* Exercise brief *
Excerpt from the entries below: please repeat exactly the lines from the one containing "Use a numbered" through the last one, both ends included, with no pictures.

[Data entries]
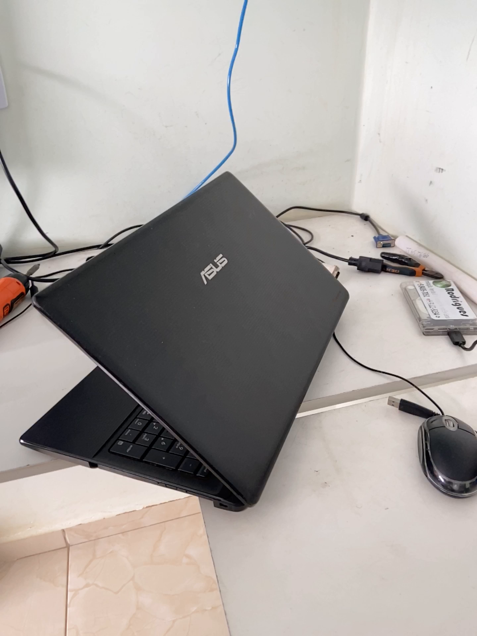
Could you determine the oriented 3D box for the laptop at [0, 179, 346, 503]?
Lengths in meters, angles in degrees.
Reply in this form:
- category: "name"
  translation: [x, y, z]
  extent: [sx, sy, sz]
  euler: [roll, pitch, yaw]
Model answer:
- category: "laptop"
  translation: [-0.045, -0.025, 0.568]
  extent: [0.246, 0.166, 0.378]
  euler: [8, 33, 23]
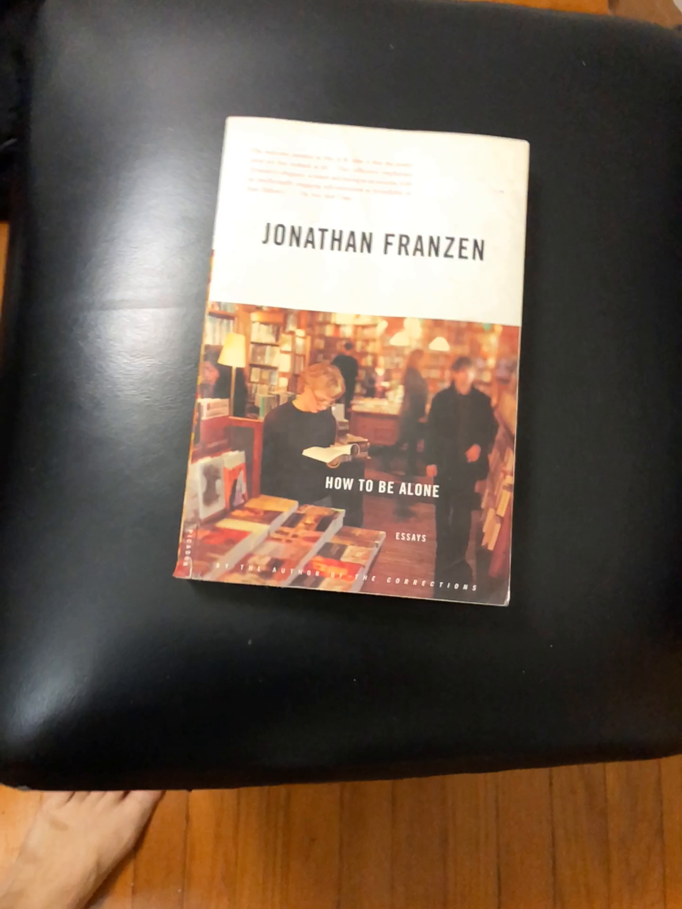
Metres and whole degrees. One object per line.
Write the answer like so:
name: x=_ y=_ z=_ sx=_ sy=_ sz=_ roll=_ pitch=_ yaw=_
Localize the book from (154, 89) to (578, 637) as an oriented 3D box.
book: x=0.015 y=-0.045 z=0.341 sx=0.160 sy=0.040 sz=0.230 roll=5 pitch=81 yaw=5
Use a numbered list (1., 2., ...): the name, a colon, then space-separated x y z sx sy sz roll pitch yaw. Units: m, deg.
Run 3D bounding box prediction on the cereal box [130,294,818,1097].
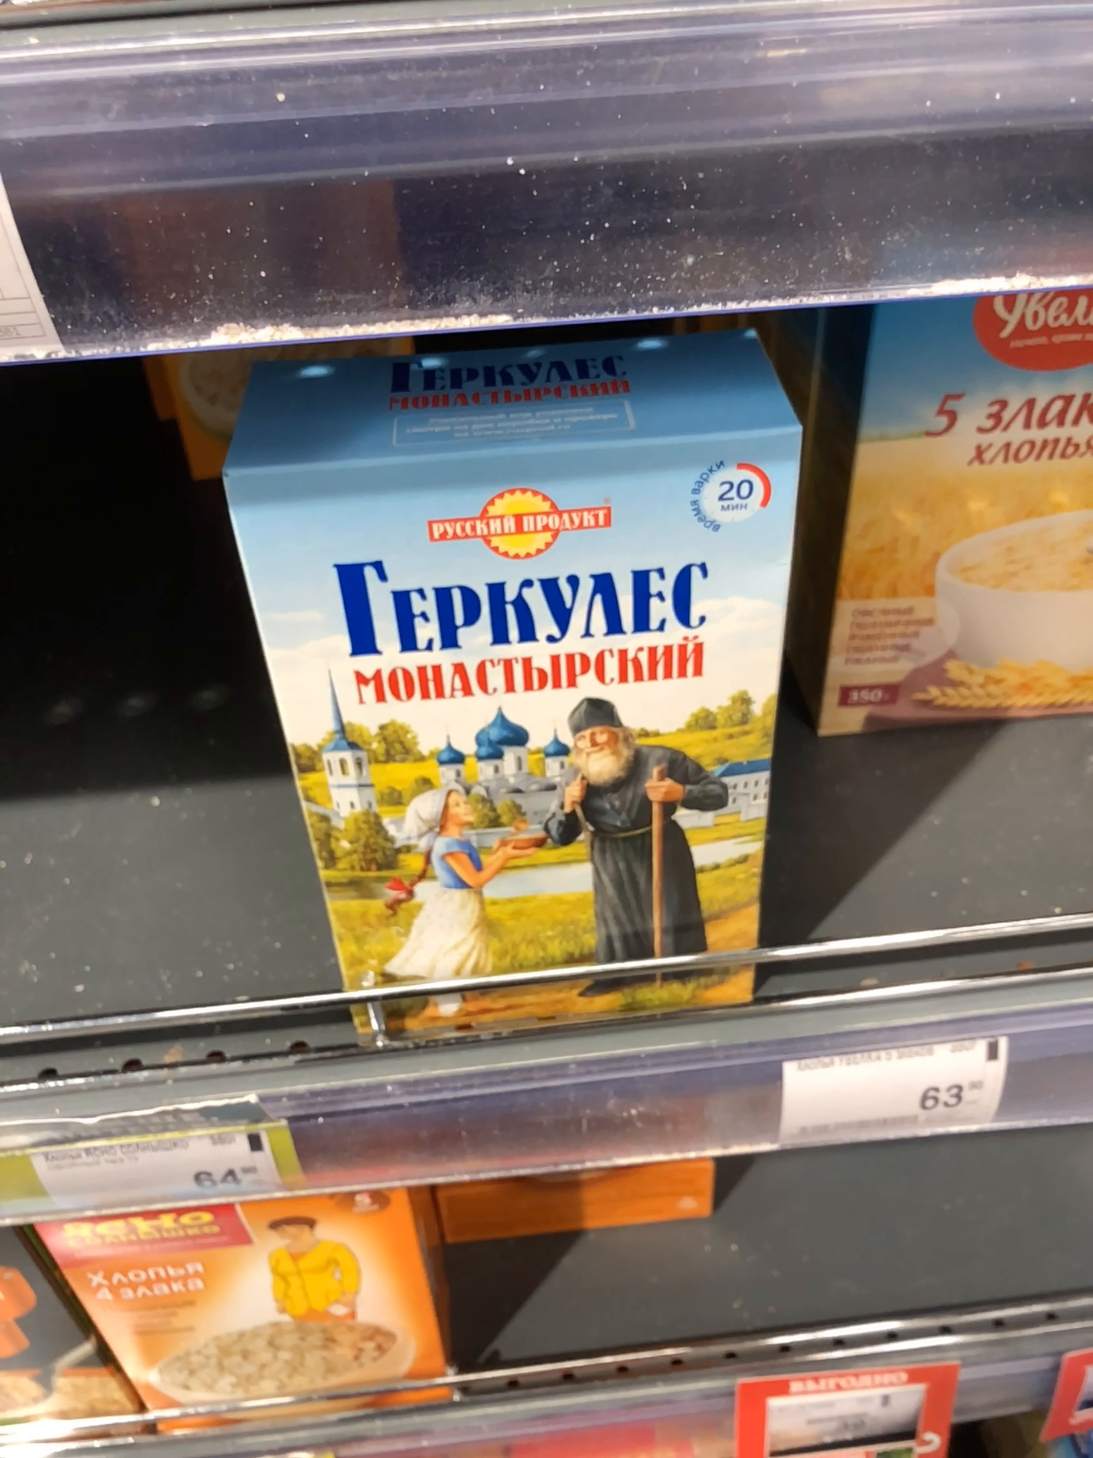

* Solution below *
Use a numbered list (1., 2., ...): the name, a colon, then space-separated x y z sx sy sz roll pitch yaw. Units: m, deg.
Run 3D bounding box prediction on the cereal box [130,294,818,1097].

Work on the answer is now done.